COPENHAGEN, Denmark — After a lackluster recovery from the 2008 financial crisis, Denmark’s central bank has warned that the labor market faces a squeeze as unemployment falls, the population ages and young people shun vocational jobs.
At Technical Education Copenhagen, traineeships for another 20 to 30 lorry drivers could probably have been found if only people were interested in them, according to Anders Wendelboe, a head of education at the vocational training college.
In a country where work-life balance is highly valued, a wrongful perception that the job came with irregular working hours was putting some people off, he speculated.
“Young people today would like to have leisure time, they would like to have a family,” he said.
A lack of skilled workers was also threatening growth at Teccon Form, a company in the western town of Holstebro making tools for injection molding, employing around 20 people.
“There has probably been too much focus on having a university education,” chief executive Michael Nederby lamented.
“There has been a slightly higher status around that, and we are fighting against that,” he said, adding that he had been forced to raise salaries to compete with other employers.
Central bank warning
Denmark’s central bank last week warned that the country was technically at full employment and that the economy could be hit if the country did not find ways of growing its labor force.
“Unemployment has now reached its ‘structural level’ … There are, so to speak, no labor reserves among the unemployed,” it said in a quarterly report.
“There are already signs of pressures in the labor market. The clearest indications are reporting of labor shortages in both the construction and manufacturing sectors,” it added.
Seasonally adjusted unemployment stood at 4.2 percent in July, according to data from Statistics Denmark based on the number of people on unemployment benefits and in labor market activation programs.
The number rises to 6.2 percent under the so called ILO (International Labor Organization) measure, which is used to compare unemployment in different countries.
Denmark was badly hit by a burst property bubble during the 2008 financial crisis and growth has lagged the economies of neighboring Sweden and Germany.
The country’s central bank believes economic output will edge up 0.9 percent this year and 1.5 percent in 2017.
No quick fix
“The problem is the greatest among vocationally trained labor with technical skills, such as electricians, industry technicians and mechanics,” said Steen Nielsen, head of labor market policy at the Confederation of Danish Industry.
A previous reform raising the age of retirement, as well as using foreign labor — mostly from other EU countries — would help plug the skills gap in the short term, he added.
Still, as Denmark’s population ages, that is unlikely to be enough.

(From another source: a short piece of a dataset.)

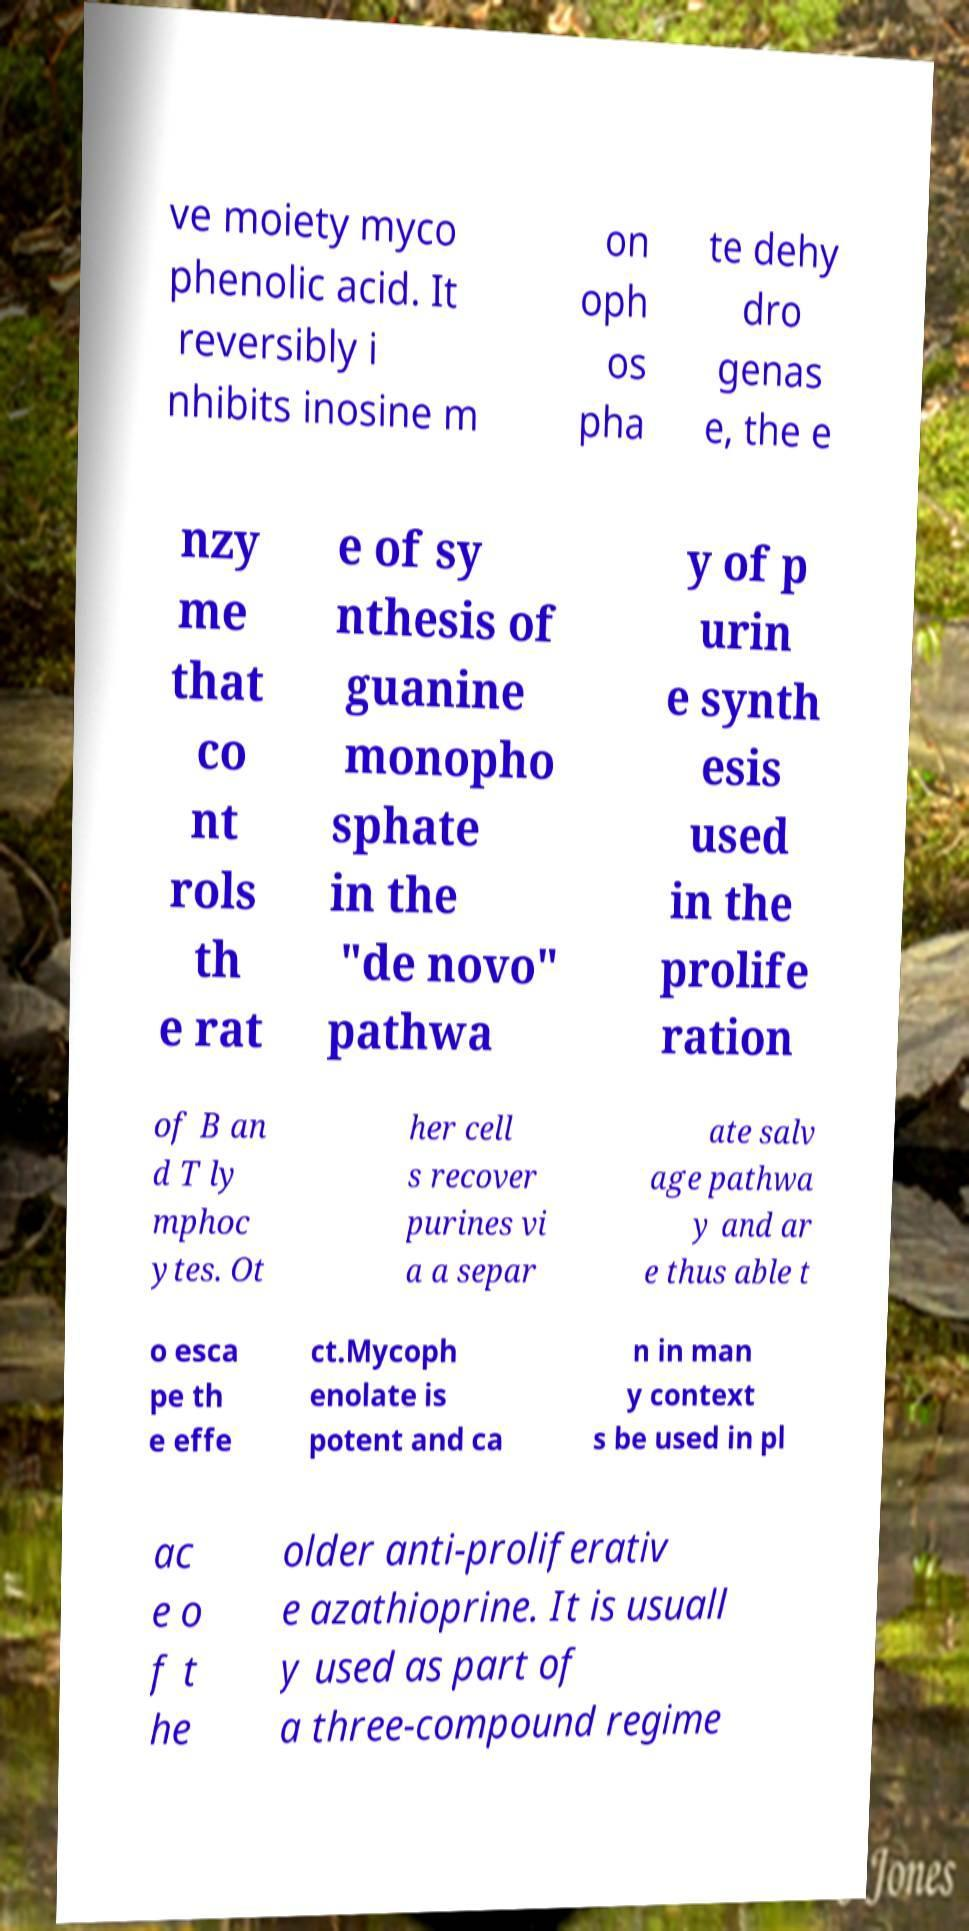Can you read and provide the text displayed in the image?This photo seems to have some interesting text. Can you extract and type it out for me? ve moiety myco phenolic acid. It reversibly i nhibits inosine m on oph os pha te dehy dro genas e, the e nzy me that co nt rols th e rat e of sy nthesis of guanine monopho sphate in the "de novo" pathwa y of p urin e synth esis used in the prolife ration of B an d T ly mphoc ytes. Ot her cell s recover purines vi a a separ ate salv age pathwa y and ar e thus able t o esca pe th e effe ct.Mycoph enolate is potent and ca n in man y context s be used in pl ac e o f t he older anti-proliferativ e azathioprine. It is usuall y used as part of a three-compound regime 
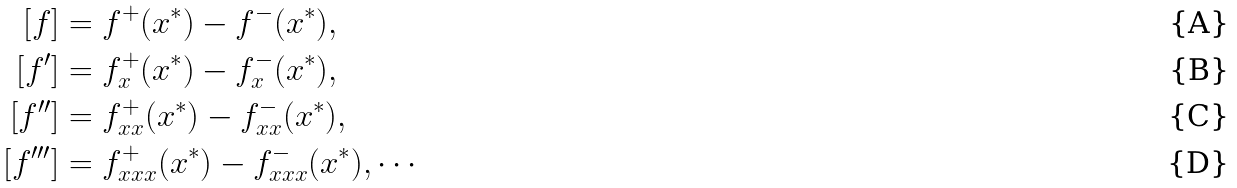<formula> <loc_0><loc_0><loc_500><loc_500>\left [ f \right ] & = f ^ { + } ( x ^ { * } ) - f ^ { - } ( x ^ { * } ) , \\ \left [ f ^ { \prime } \right ] & = f _ { x } ^ { + } ( x ^ { * } ) - f _ { x } ^ { - } ( x ^ { * } ) , \\ \left [ f ^ { \prime \prime } \right ] & = f _ { x x } ^ { + } ( x ^ { * } ) - f _ { x x } ^ { - } ( x ^ { * } ) , \\ \left [ f ^ { \prime \prime \prime } \right ] & = f _ { x x x } ^ { + } ( x ^ { * } ) - f _ { x x x } ^ { - } ( x ^ { * } ) , \cdots</formula>

“A shift is taking place in the labor market,” said Stine Pilegaard Jespersen, the head of labor market and education policy at the Confederation of Danish Enterprise.
“More elderly are leaving the labor market … and the young who are coming in are much less likely to have a vocational education than those who are leaving,” she added.

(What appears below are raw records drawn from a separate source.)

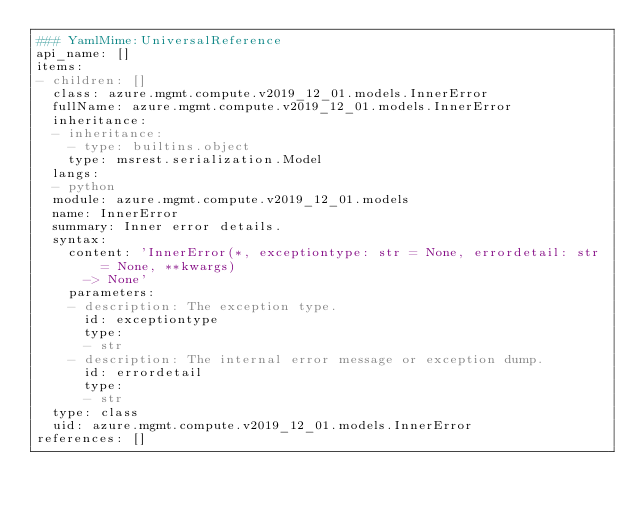<code> <loc_0><loc_0><loc_500><loc_500><_YAML_>### YamlMime:UniversalReference
api_name: []
items:
- children: []
  class: azure.mgmt.compute.v2019_12_01.models.InnerError
  fullName: azure.mgmt.compute.v2019_12_01.models.InnerError
  inheritance:
  - inheritance:
    - type: builtins.object
    type: msrest.serialization.Model
  langs:
  - python
  module: azure.mgmt.compute.v2019_12_01.models
  name: InnerError
  summary: Inner error details.
  syntax:
    content: 'InnerError(*, exceptiontype: str = None, errordetail: str = None, **kwargs)
      -> None'
    parameters:
    - description: The exception type.
      id: exceptiontype
      type:
      - str
    - description: The internal error message or exception dump.
      id: errordetail
      type:
      - str
  type: class
  uid: azure.mgmt.compute.v2019_12_01.models.InnerError
references: []
</code> 
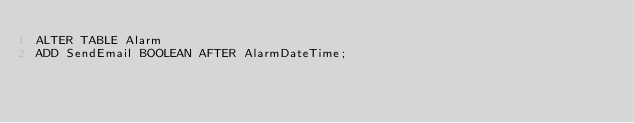<code> <loc_0><loc_0><loc_500><loc_500><_SQL_>ALTER TABLE Alarm 
ADD SendEmail BOOLEAN AFTER AlarmDateTime;
</code> 
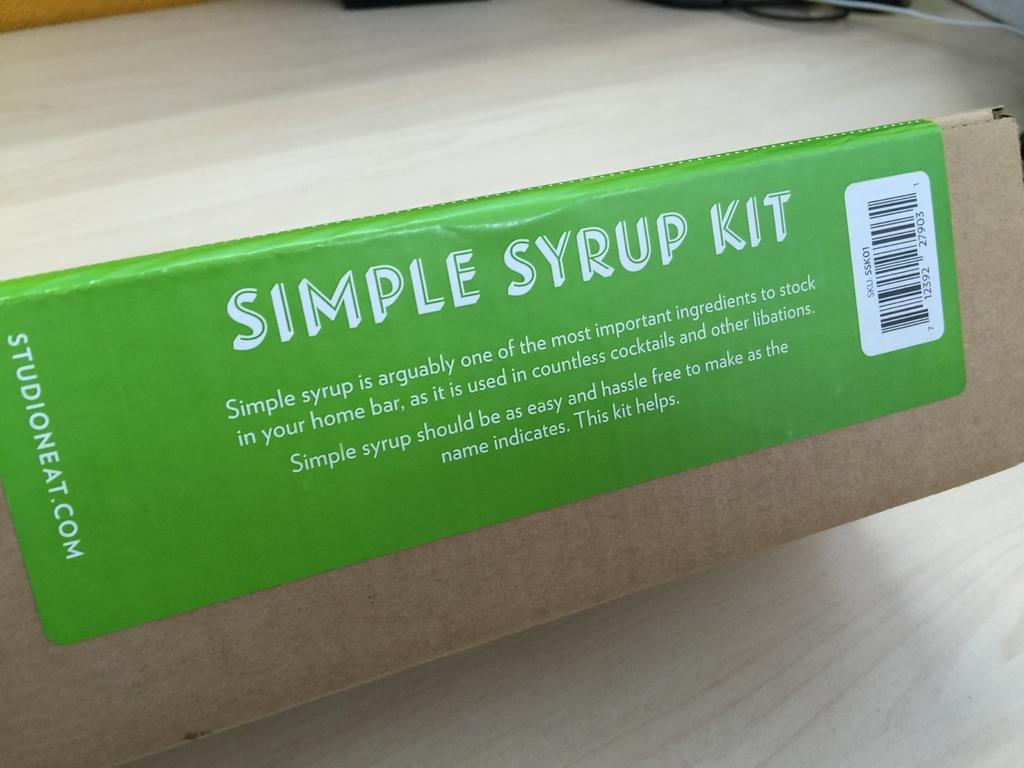<image>
Render a clear and concise summary of the photo. A green label reads"Simple Syrup Kit" in white letters.

Two of the country’s top markets for foreign labor, Germany and Poland, also have ageing populations and will also see their workforce shrink over the coming decades, she noted.
Denmark received 21,000 asylum seekers last year, and many Danes worry that the new arrivals — like previous generations of refugees — will struggle to find work, putting pressure on the Scandinavian country’s welfare state.
While some professions facing labor shortages, such as bakers and butchers, could offer opportunities, refugees were unlikely to play a major part in fixing the problem, Jespersen said.
A survey published by Denmark’s integration ministry in May showed that 55 percent of newly arrived refugees had only completed primary school, while eight percent had no education whatsoever.
“What we typically see with refugees is that they don’t have very strong skills. Many of them are very young and don’t have a lot of schooling, and they also don’t have a lot of work experience,” said Nielsen.
“On top of that there is a big language barrier,” he added.